> _THE PROBLEM_
Every line of the records below that has the word "pitch" should be copied.

> _AVAILABLE DATA_

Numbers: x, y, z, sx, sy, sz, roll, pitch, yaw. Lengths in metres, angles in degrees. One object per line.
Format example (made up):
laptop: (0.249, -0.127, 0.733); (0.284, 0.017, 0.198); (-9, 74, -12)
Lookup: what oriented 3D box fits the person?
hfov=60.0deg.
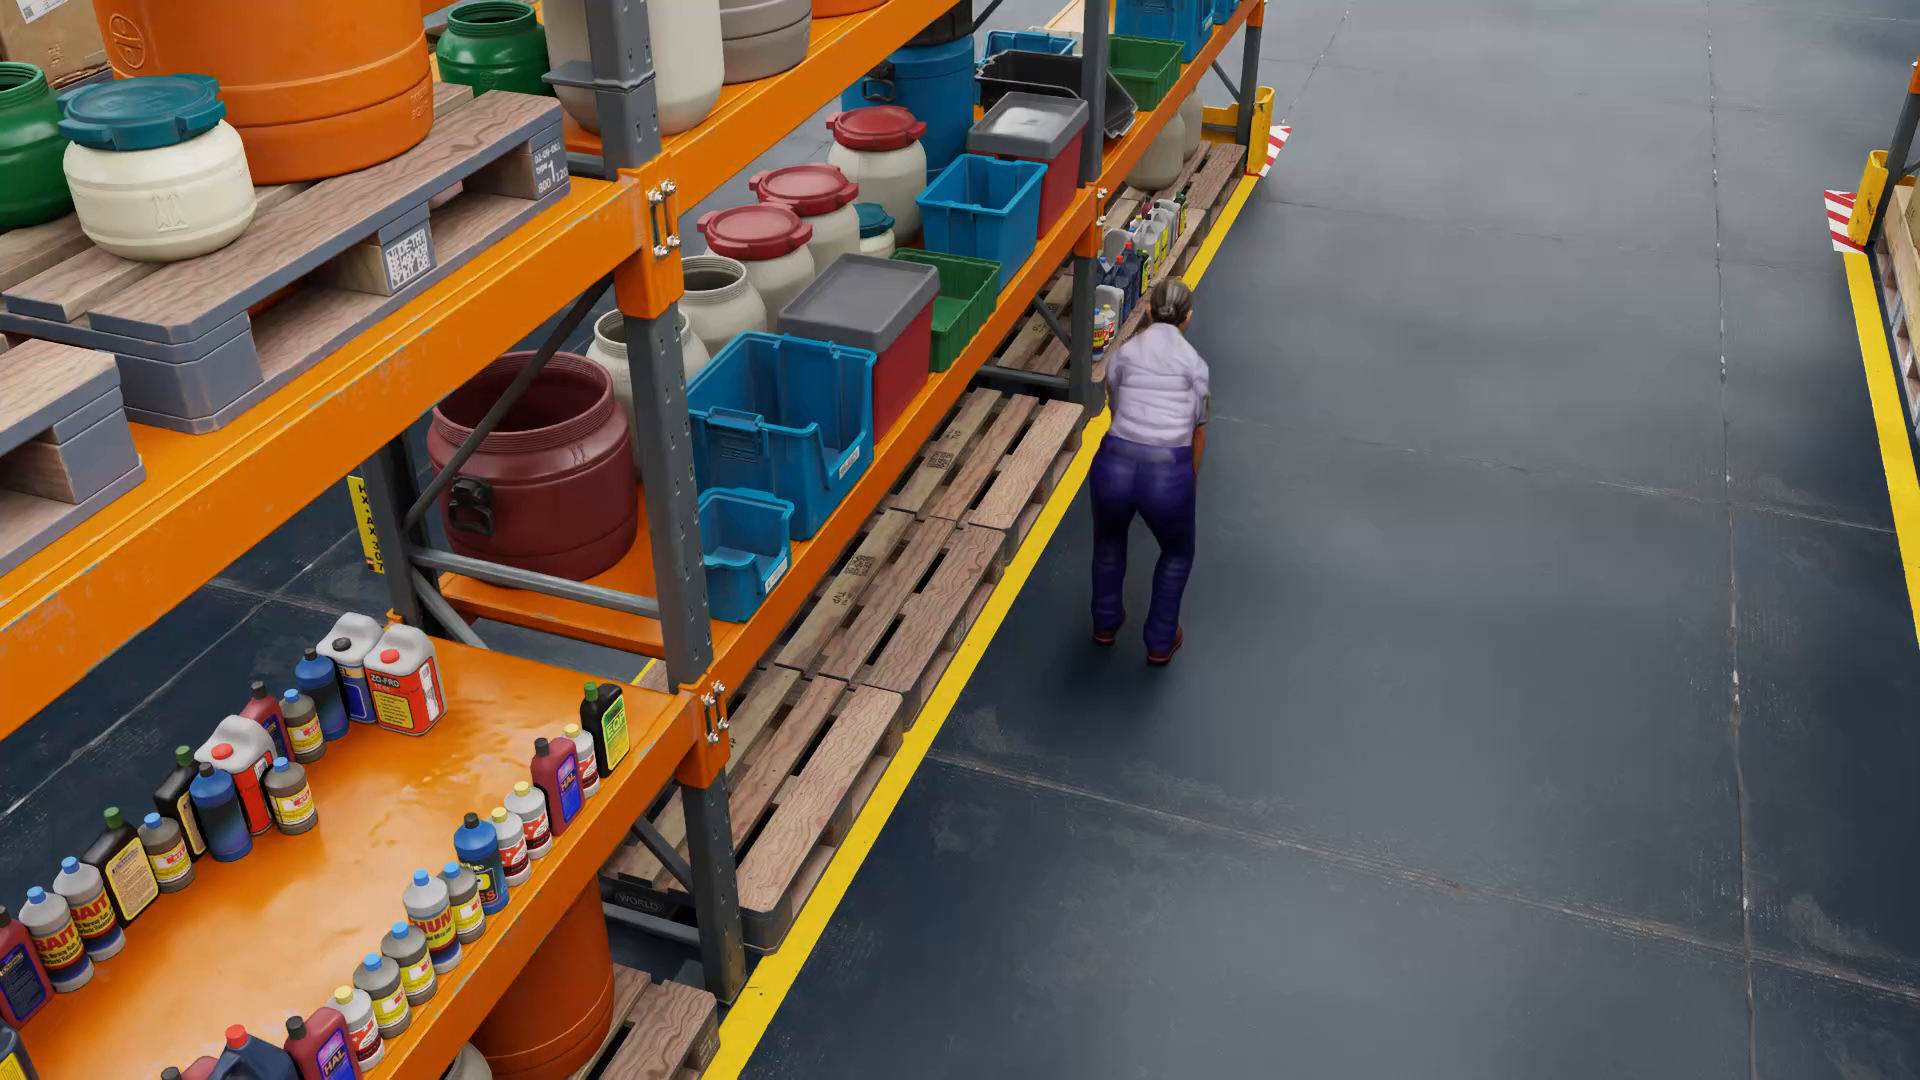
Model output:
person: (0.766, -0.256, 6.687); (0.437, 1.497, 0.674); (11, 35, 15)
* * *
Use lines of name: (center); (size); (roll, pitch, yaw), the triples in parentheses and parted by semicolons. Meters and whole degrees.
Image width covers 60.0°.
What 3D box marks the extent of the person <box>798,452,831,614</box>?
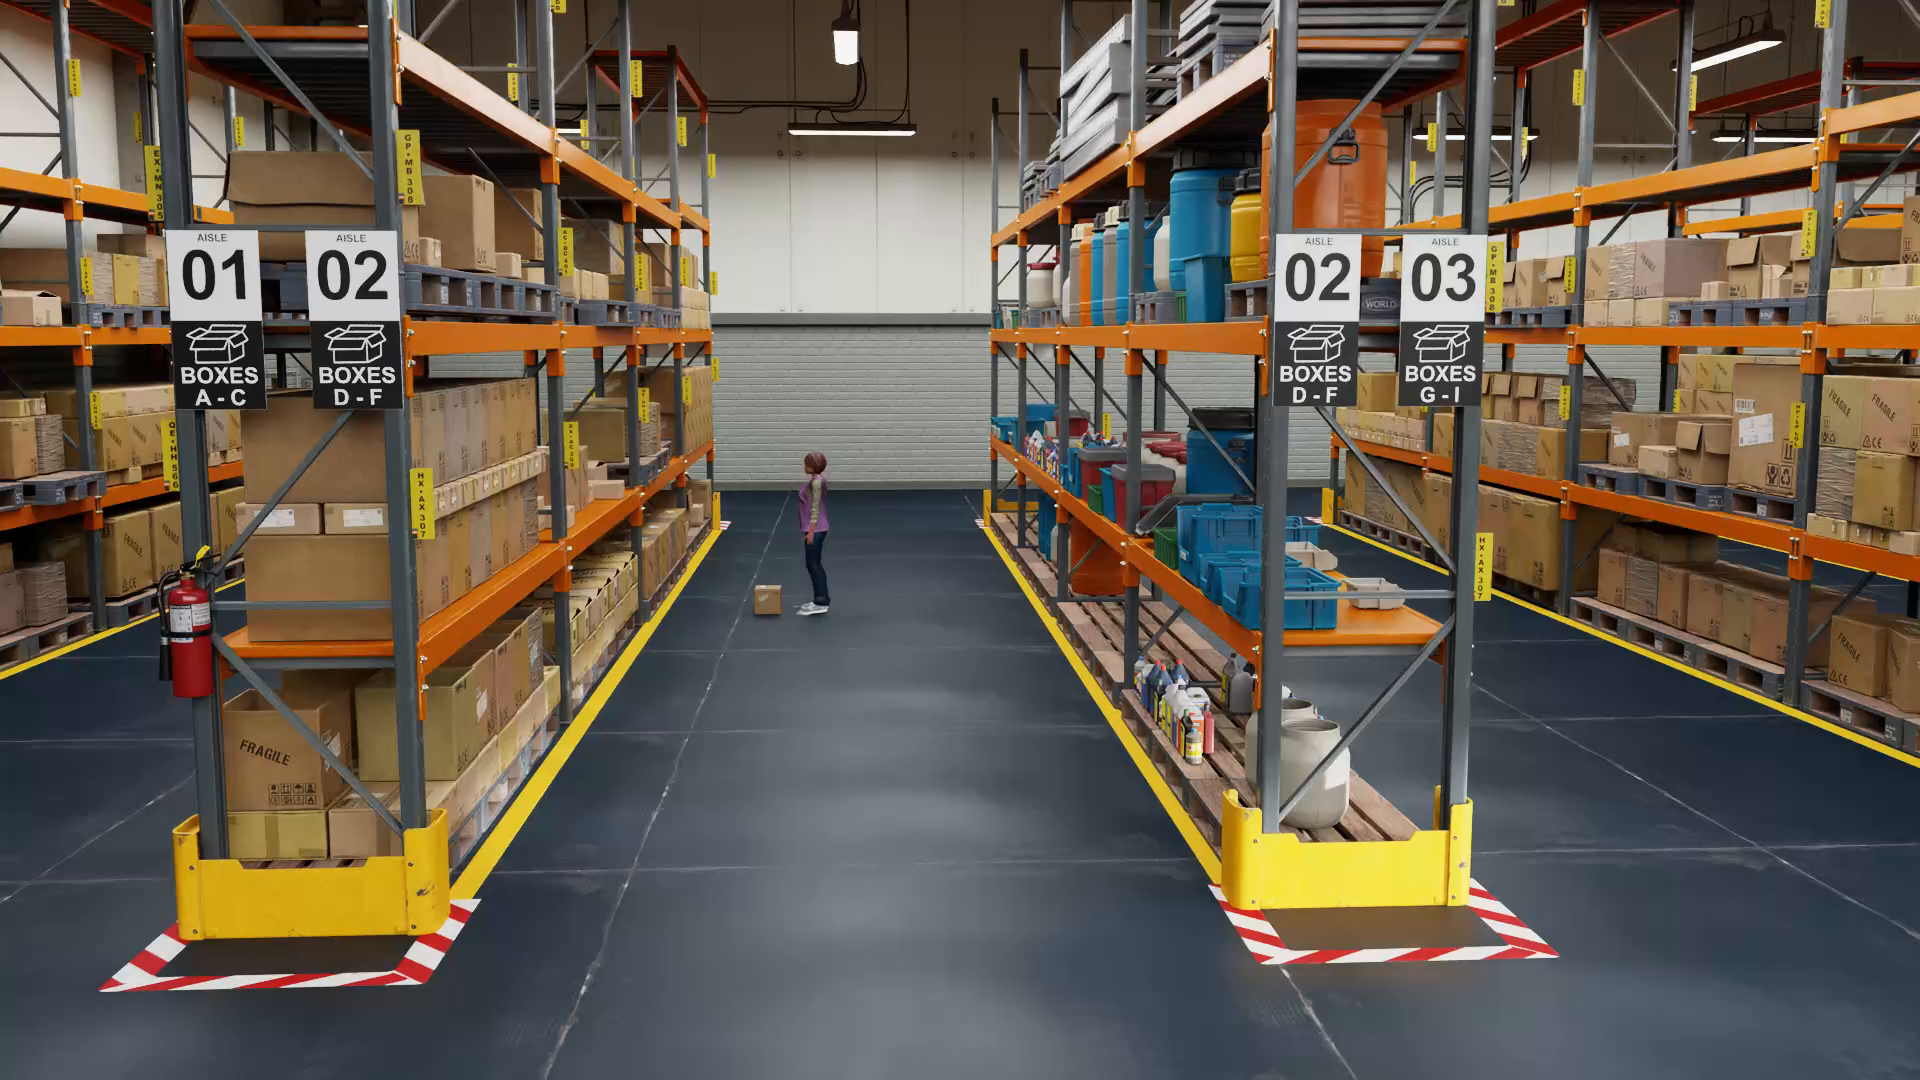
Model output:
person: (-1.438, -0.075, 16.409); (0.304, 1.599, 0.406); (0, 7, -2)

> _RESPONSE TO THIS TASK_
Numbers: x, y, z, sx, sy, sz, roll, pitch, yaw. Lengths in metres, angles in degrees. One object per line.
Use lines of name: (center); (size); (roll, pitch, yaw), the triples in parentheses and parted by semicolons. Meters and whole degrees.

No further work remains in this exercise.